In 2002, I met Rudy Giuliani on his National Book Tour for bestselling autobiography Leadership.

In 2003, I went to a book signing for Senator Hillary Clinton for her autobiography, Living History.

In 2004, during the Democratic primaries, I traveled to Iowa to work for one of the candidates running for the nomination. Seeing the process of the caucuses was so interesting… the most on-hand educational thing I’ve ever done when it comes to politics.

Also in 2004, thanks to living on the border of two swing states, I got to see the effect of celebrity on Presidential politics, as well. I went to events that featured James Taylor, The Dixie Chicks, Roseanne Barr, Gloria Steinem and Michael Moore.

In 2008, I went to several events for Senator Hillary Clinton during the Democratic Primaries. And I met Chelsea Clinton on an airplane while I was working.

Living in Hawaii during the 2008 general election, I missed out on all candidate visits or rallies. After all, Hawaii isn’t a swing state.

In 2009, I was visiting my parents in Toledo when I learned that Sarah Palin was appearing in Ft. Wayne, Indiana for a book signing. What a fascinating political figure Ms. Palin is… so I knew I had to go.

As you can see, due to my upbringing, I’ve always had an immense interest in politics and elections. Election night is like the Super Bowl times 1000 for me. I like to watch the returns and look at individual counties and Senate races in an attempt to read the tea leaves for National implications. And I do also make predictions… though I’m keeping those to myself this year.

In 2012, it was my goal to see both candidates live and in-person. I saw Mitt Romney this past summer in Bowling Green, Ohio. It’s always a different ballgame when you see a candidate through your own eyes, with no opinion or media input distracting your gaze.

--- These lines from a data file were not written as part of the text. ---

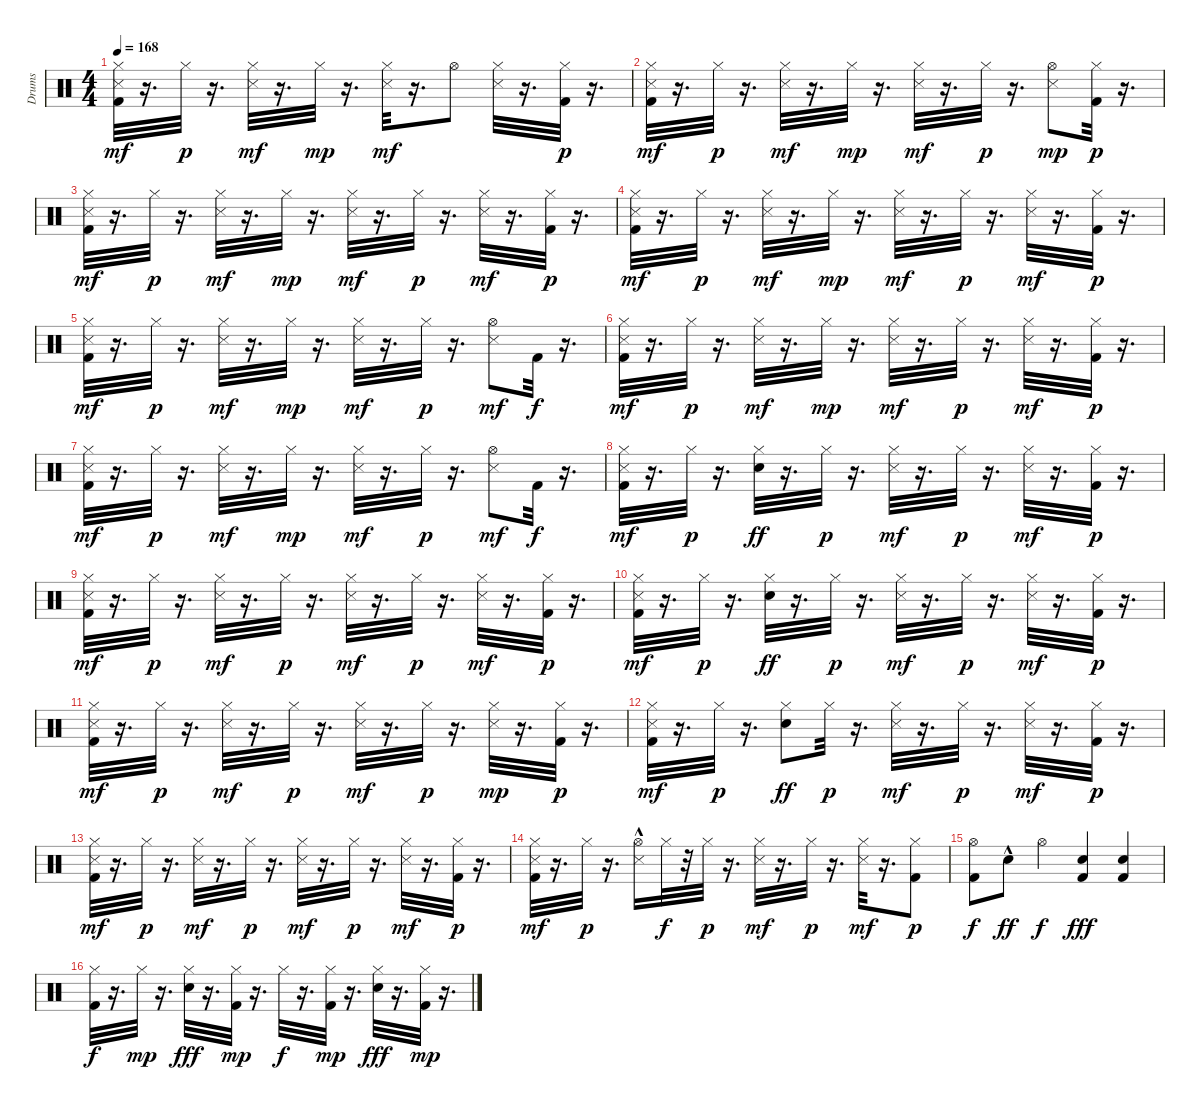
\track ("Drums" "Drums") {instrument percussion}
\staff {score}
\articulation defaults
\ts (4 4)
\tempo 168
\clef neutral
\ks c
("Hi-Hat (closed)" "Kick (hit) 2" "Snare (side stick) 3").32{dy mf} r.16{d} "Hi-Hat (closed)".32{dy p} r.16{d} ("Hi-Hat (closed)" "Snare (side stick) 3").32{dy mf} r.16{d} "Hi-Hat (closed)".32{dy mp} r.16{d} ("Snare (side stick) 3" "Hi-Hat (closed)").32{dy mf} r.16{d} "Hi-Hat (open)".8 ("Hi-Hat (closed)" "Snare (side stick) 3").32 r.16{d} ("Hi-Hat (closed)" "Kick (hit) 2").32{dy p} r.16{d} |
("Hi-Hat (closed)" "Kick (hit) 2" "Snare (side stick) 3").32{dy mf} r.16{d} "Hi-Hat (closed)".32{dy p} r.16{d} ("Hi-Hat (closed)" "Snare (side stick) 3").32{dy mf} r.16{d} "Hi-Hat (closed)".32{dy mp} r.16{d} ("Hi-Hat (closed)" "Snare (side stick) 3").32{dy mf} r.16{d} "Hi-Hat (closed)".32{dy p} r.16{d} ("Snare (side stick) 3" "Hi-Hat (open)").8{dy mp} ("Hi-Hat (closed)" "Kick (hit) 2").32{dy p} r.16{d} |
("Hi-Hat (closed)" "Kick (hit) 2" "Snare (side stick) 3").32{dy mf} r.16{d} "Hi-Hat (closed)".32{dy p} r.16{d} ("Hi-Hat (closed)" "Snare (side stick) 3").32{dy mf} r.16{d} "Hi-Hat (closed)".32{dy mp} r.16{d} ("Hi-Hat (closed)" "Snare (side stick) 3").32{dy mf} r.16{d} "Hi-Hat (closed)".32{dy p} r.16{d} ("Hi-Hat (closed)" "Snare (side stick) 3").32{dy mf} r.16{d} ("Hi-Hat (closed)" "Kick (hit) 2").32{dy p} r.16{d} |
("Hi-Hat (closed)" "Kick (hit) 2" "Snare (side stick) 3").32{dy mf} r.16{d} "Hi-Hat (closed)".32{dy p} r.16{d} ("Hi-Hat (closed)" "Snare (side stick) 3").32{dy mf} r.16{d} "Hi-Hat (closed)".32{dy mp} r.16{d} ("Hi-Hat (closed)" "Snare (side stick) 3").32{dy mf} r.16{d} "Hi-Hat (closed)".32{dy p} r.16{d} ("Hi-Hat (closed)" "Snare (side stick) 3").32{dy mf} r.16{d} ("Hi-Hat (closed)" "Kick (hit) 2").32{dy p} r.16{d} |
("Hi-Hat (closed)" "Kick (hit) 2" "Snare (side stick) 3").32{dy mf} r.16{d} "Hi-Hat (closed)".32{dy p} r.16{d} ("Hi-Hat (closed)" "Snare (side stick) 3").32{dy mf} r.16{d} "Hi-Hat (closed)".32{dy mp} r.16{d} ("Hi-Hat (closed)" "Snare (side stick) 3").32{dy mf} r.16{d} "Hi-Hat (closed)".32{dy p} r.16{d} ("Snare (side stick) 3" "Hi-Hat (open)").8{dy mf} "Kick (hit) 2".32{dy f} r.16{d} |
("Hi-Hat (closed)" "Kick (hit) 2" "Snare (side stick) 3").32{dy mf} r.16{d} "Hi-Hat (closed)".32{dy p} r.16{d} ("Hi-Hat (closed)" "Snare (side stick) 3").32{dy mf} r.16{d} "Hi-Hat (closed)".32{dy mp} r.16{d} ("Hi-Hat (closed)" "Snare (side stick) 3").32{dy mf} r.16{d} "Hi-Hat (closed)".32{dy p} r.16{d} ("Hi-Hat (closed)" "Snare (side stick) 3").32{dy mf} r.16{d} ("Hi-Hat (closed)" "Kick (hit) 2").32{dy p} r.16{d} |
("Hi-Hat (closed)" "Kick (hit) 2" "Snare (side stick) 3").32{dy mf} r.16{d} "Hi-Hat (closed)".32{dy p} r.16{d} ("Hi-Hat (closed)" "Snare (side stick) 3").32{dy mf} r.16{d} "Hi-Hat (closed)".32{dy mp} r.16{d} ("Hi-Hat (closed)" "Snare (side stick) 3").32{dy mf} r.16{d} "Hi-Hat (closed)".32{dy p} r.16{d} ("Snare (side stick) 3" "Hi-Hat (open)").8{dy mf} "Kick (hit) 2".32{dy f} r.16{d} |
("Hi-Hat (closed)" "Kick (hit) 2" "Snare (side stick) 3").32{dy mf} r.16{d} "Hi-Hat (closed)".32{dy p} r.16{d} ("Hi-Hat (closed)" "Electric Snare (hit)").32{dy ff} r.16{d} "Hi-Hat (closed)".32{dy p} r.16{d} ("Hi-Hat (closed)" "Snare (side stick) 3").32{dy mf} r.16{d} "Hi-Hat (closed)".32{dy p} r.16{d} ("Hi-Hat (closed)" "Snare (side stick) 3").32{dy mf} r.16{d} ("Hi-Hat (closed)" "Kick (hit) 2").32{dy p} r.16{d} |
("Hi-Hat (closed)" "Kick (hit) 2" "Snare (side stick) 3").32{dy mf} r.16{d} "Hi-Hat (closed)".32{dy p} r.16{d} ("Hi-Hat (closed)" "Snare (side stick) 3").32{dy mf} r.16{d} "Hi-Hat (closed)".32{dy p} r.16{d} ("Hi-Hat (closed)" "Snare (side stick) 3").32{dy mf} r.16{d} "Hi-Hat (closed)".32{dy p} r.16{d} ("Hi-Hat (closed)" "Snare (side stick) 3").32{dy mf} r.16{d} ("Hi-Hat (closed)" "Kick (hit) 2").32{dy p} r.16{d} |
("Hi-Hat (closed)" "Kick (hit) 2" "Snare (side stick) 3").32{dy mf} r.16{d} "Hi-Hat (closed)".32{dy p} r.16{d} ("Hi-Hat (closed)" "Electric Snare (hit)").32{dy ff} r.16{d} "Hi-Hat (closed)".32{dy p} r.16{d} ("Hi-Hat (closed)" "Snare (side stick) 3").32{dy mf} r.16{d} "Hi-Hat (closed)".32{dy p} r.16{d} ("Hi-Hat (closed)" "Snare (side stick) 3").32{dy mf} r.16{d} ("Hi-Hat (closed)" "Kick (hit) 2").32{dy p} r.16{d} |
("Hi-Hat (closed)" "Kick (hit) 2" "Snare (side stick) 3").32{dy mf} r.16{d} "Hi-Hat (closed)".32{dy p} r.16{d} ("Hi-Hat (closed)" "Snare (side stick) 3").32{dy mf} r.16{d} "Hi-Hat (closed)".32{dy p} r.16{d} ("Hi-Hat (closed)" "Snare (side stick) 3").32{dy mf} r.16{d} "Hi-Hat (closed)".32{dy p} r.16{d} ("Hi-Hat (closed)" "Snare (side stick) 3").32{dy mp} r.16{d} ("Hi-Hat (closed)" "Kick (hit) 2").32{dy p} r.16{d} |
("Hi-Hat (closed)" "Kick (hit) 2" "Snare (side stick) 3").32{dy mf} r.16{d} "Hi-Hat (closed)".32{dy p} r.16{d} ("Hi-Hat (closed)" "Electric Snare (hit)").8{dy ff} "Hi-Hat (closed)".32{dy p} r.16{d} ("Hi-Hat (closed)" "Snare (side stick) 3").32{dy mf} r.16{d} "Hi-Hat (closed)".32{dy p} r.16{d} ("Hi-Hat (closed)" "Snare (side stick) 3").32{dy mf} r.16{d} ("Hi-Hat (closed)" "Kick (hit) 2").32{dy p} r.16{d} |
("Hi-Hat (closed)" "Kick (hit) 2" "Snare (side stick) 3").32{dy mf} r.16{d} "Hi-Hat (closed)".32{dy p} r.16{d} ("Hi-Hat (closed)" "Snare (side stick) 3").32{dy mf} r.16{d} "Hi-Hat (closed)".32{dy p} r.16{d} ("Hi-Hat (closed)" "Snare (side stick) 3").32{dy mf} r.16{d} "Hi-Hat (closed)".32{dy p} r.16{d} ("Hi-Hat (closed)" "Snare (side stick) 3").32{dy mf} r.16{d} ("Hi-Hat (closed)" "Kick (hit) 2").32{dy p} r.16{d} |
("Hi-Hat (closed)" "Kick (hit) 2" "Snare (side stick) 3").32{dy mf} r.16{d} "Hi-Hat (closed)".32{dy p} r.16{d} ("Snare (side stick) 3" "Hi-Hat (open)"{hac}).16 "Hi-Hat (closed)".32{dy f} r.32 "Hi-Hat (closed)".32{dy p} r.16{d} ("Hi-Hat (closed)" "Snare (side stick) 3").32{dy mf} r.16{d} "Hi-Hat (closed)".32{dy p} r.16{d} ("Hi-Hat (closed)" "Snare (side stick) 3").32{dy mf} r.16{d} ("Hi-Hat (closed)" "Kick (hit) 2").8{dy p} |
("Kick (hit) 2" "Hi-Hat (open)").8{dy f} "Electric Snare (hit)"{hac}.8{dy ff} "Hi-Hat (open)".4{dy f} ("Electric Snare (hit)" "Kick (hit) 2").4{dy fff} ("Electric Snare (hit)" "Kick (hit) 2").4 |
("Kick (hit) 2" "Hi-Hat (closed)").32{dy f} r.16{d} "Hi-Hat (closed)".32{dy mp} r.16{d} ("Electric Snare (hit)" "Hi-Hat (closed)").32{dy fff} r.16{d} ("Kick (hit) 2" "Hi-Hat (closed)").32{dy mp} r.16{d} "Hi-Hat (closed)".32{dy f} r.16{d} ("Kick (hit) 2" "Hi-Hat (closed)").32{dy mp} r.16{d} ("Electric Snare (hit)" "Hi-Hat (closed)").32{dy fff} r.16{d} ("Kick (hit) 2" "Hi-Hat (closed)").32{dy mp} r.16{d}

I wanted to see President Obama. Unfortunately, the only event that he held in Toledo, Ohio was only open to UAW workers. I’m in a union— but not UAW. And I honestly thought it was sickening and unfair that a United States citizen couldn’t get a ticket to see the President of the United States just because they didn’t belong to the UAW. Ridiculous. I understand requiring tickets… but limiting them to only UAW members? Talk about ensuring an endearing audience…

At any rate, through this year, I will have voted for 2 Democrats running for President. And 2 Republicans running for President. As for local and statewide races, if I went back to 2000 when I was 18 and added everything up, I’m betting that my ticket would be split– about 52% D and 48% R. I vote for the person— not the party. I know what I believe in. So I look for the person that best represents my view.

It’s my goal to teach children about the election and politics like my parents taught me. Before the 2016 election, I hope to have a unique and informative iBook available that will help parents talk with their kids about politics, elections, political parties, political figures currently on the scene and historically— and much more.

Until then, I wanted to devise away to get the conversation started this year.

So we decided to do a “soft launch” of our new book Casey and Callie Cupcake on Election Day! By a “soft launch” I mean that the book is now available for pre-order… and will be shipping before the end of the year. What are the advantages to pre-ordering? For every pre-order we receive, we will donate a book to a school library in your name.

On Tuesday, children, parents and teachers can go to www.PeteThePopcorn.com to VOTE for either Casey or Callie Cupcake. Casey and Callie both have their own campaigns going on— one believes in free cupcakes for all. The other says that people have to work hard to make cupcakes, so they should sell them. One says every cupcake should have sprinkles. The other says frosting is the way to go.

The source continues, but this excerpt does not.